(Entries taken from a collection)

::::::

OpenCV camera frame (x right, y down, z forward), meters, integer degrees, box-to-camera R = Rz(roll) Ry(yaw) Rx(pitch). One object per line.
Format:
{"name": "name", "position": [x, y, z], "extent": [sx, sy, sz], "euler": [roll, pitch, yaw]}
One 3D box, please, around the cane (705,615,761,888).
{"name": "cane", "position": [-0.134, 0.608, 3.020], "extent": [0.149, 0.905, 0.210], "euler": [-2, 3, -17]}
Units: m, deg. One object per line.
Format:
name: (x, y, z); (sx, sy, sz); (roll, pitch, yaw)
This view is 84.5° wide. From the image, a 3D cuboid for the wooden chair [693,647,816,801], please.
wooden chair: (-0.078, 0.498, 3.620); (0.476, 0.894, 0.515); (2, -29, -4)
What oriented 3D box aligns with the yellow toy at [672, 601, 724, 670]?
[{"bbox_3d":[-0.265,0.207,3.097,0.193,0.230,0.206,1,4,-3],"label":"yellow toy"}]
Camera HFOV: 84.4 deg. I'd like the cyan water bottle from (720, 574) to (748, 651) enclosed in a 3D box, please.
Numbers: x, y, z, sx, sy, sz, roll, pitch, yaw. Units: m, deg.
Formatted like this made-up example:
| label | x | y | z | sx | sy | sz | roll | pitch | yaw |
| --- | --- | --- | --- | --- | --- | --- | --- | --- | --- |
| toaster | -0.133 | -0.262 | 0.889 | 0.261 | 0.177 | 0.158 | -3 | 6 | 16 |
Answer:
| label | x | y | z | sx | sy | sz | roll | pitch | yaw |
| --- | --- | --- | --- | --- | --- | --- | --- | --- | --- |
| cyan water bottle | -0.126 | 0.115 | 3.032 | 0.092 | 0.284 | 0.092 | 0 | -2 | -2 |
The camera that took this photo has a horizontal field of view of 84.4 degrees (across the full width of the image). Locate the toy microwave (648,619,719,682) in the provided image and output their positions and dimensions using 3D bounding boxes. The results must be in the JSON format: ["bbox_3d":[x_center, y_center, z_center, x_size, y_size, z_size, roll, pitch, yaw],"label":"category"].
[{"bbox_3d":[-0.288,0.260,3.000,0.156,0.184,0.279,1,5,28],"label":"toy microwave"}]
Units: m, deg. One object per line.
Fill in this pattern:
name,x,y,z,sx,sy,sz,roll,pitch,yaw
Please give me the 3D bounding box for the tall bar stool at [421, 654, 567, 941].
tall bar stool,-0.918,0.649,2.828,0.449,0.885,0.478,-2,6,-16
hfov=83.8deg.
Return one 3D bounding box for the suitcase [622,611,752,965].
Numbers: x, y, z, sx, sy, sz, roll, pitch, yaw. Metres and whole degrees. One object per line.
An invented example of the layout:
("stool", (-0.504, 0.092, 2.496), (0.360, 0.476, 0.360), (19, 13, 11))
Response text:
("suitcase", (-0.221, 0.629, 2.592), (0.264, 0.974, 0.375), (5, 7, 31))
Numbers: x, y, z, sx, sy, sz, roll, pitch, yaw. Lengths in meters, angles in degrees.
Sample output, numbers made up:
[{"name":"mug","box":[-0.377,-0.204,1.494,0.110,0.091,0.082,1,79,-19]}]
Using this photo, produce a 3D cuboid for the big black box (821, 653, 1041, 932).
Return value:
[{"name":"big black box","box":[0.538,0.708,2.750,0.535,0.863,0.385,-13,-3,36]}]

::::::

**Requirement:** An identical copy of the preceding records should be returned.

**Solution to the problem:**
OpenCV camera frame (x right, y down, z forward), meters, integer degrees, box-to-camera R = Rz(roll) Ry(yaw) Rx(pitch). One object per line.
Format:
{"name": "name", "position": [x, y, z], "extent": [sx, sy, sz], "euler": [roll, pitch, yaw]}
One 3D box, please, around the cane (705,615,761,888).
{"name": "cane", "position": [-0.134, 0.608, 3.020], "extent": [0.149, 0.905, 0.210], "euler": [-2, 3, -17]}
Units: m, deg. One object per line.
Format:
name: (x, y, z); (sx, sy, sz); (roll, pitch, yaw)
This view is 84.5° wide. From the image, a 3D cuboid for the wooden chair [693,647,816,801], please.
wooden chair: (-0.078, 0.498, 3.620); (0.476, 0.894, 0.515); (2, -29, -4)
What oriented 3D box aligns with the yellow toy at [672, 601, 724, 670]?
[{"bbox_3d":[-0.265,0.207,3.097,0.193,0.230,0.206,1,4,-3],"label":"yellow toy"}]
Camera HFOV: 84.4 deg. I'd like the cyan water bottle from (720, 574) to (748, 651) enclosed in a 3D box, please.
Numbers: x, y, z, sx, sy, sz, roll, pitch, yaw. Units: m, deg.
Formatted like this made-up example:
| label | x | y | z | sx | sy | sz | roll | pitch | yaw |
| --- | --- | --- | --- | --- | --- | --- | --- | --- | --- |
| toaster | -0.133 | -0.262 | 0.889 | 0.261 | 0.177 | 0.158 | -3 | 6 | 16 |
Answer:
| label | x | y | z | sx | sy | sz | roll | pitch | yaw |
| --- | --- | --- | --- | --- | --- | --- | --- | --- | --- |
| cyan water bottle | -0.126 | 0.115 | 3.032 | 0.092 | 0.284 | 0.092 | 0 | -2 | -2 |
The camera that took this photo has a horizontal field of view of 84.4 degrees (across the full width of the image). Locate the toy microwave (648,619,719,682) in the provided image and output their positions and dimensions using 3D bounding boxes. The results must be in the JSON format: ["bbox_3d":[x_center, y_center, z_center, x_size, y_size, z_size, roll, pitch, yaw],"label":"category"].
[{"bbox_3d":[-0.288,0.260,3.000,0.156,0.184,0.279,1,5,28],"label":"toy microwave"}]
Units: m, deg. One object per line.
Fill in this pattern:
name,x,y,z,sx,sy,sz,roll,pitch,yaw
Please give me the 3D bounding box for the tall bar stool at [421, 654, 567, 941].
tall bar stool,-0.918,0.649,2.828,0.449,0.885,0.478,-2,6,-16
hfov=83.8deg.
Return one 3D bounding box for the suitcase [622,611,752,965].
Numbers: x, y, z, sx, sy, sz, roll, pitch, yaw. Metres and whole degrees. One object per line.
An invented example of the layout:
("stool", (-0.504, 0.092, 2.496), (0.360, 0.476, 0.360), (19, 13, 11))
Response text:
("suitcase", (-0.221, 0.629, 2.592), (0.264, 0.974, 0.375), (5, 7, 31))
Numbers: x, y, z, sx, sy, sz, roll, pitch, yaw. Lengths in meters, angles in degrees.
Sample output, numbers made up:
[{"name":"mug","box":[-0.377,-0.204,1.494,0.110,0.091,0.082,1,79,-19]}]
Using this photo, produce a 3D cuboid for the big black box (821, 653, 1041, 932).
Return value:
[{"name":"big black box","box":[0.538,0.708,2.750,0.535,0.863,0.385,-13,-3,36]}]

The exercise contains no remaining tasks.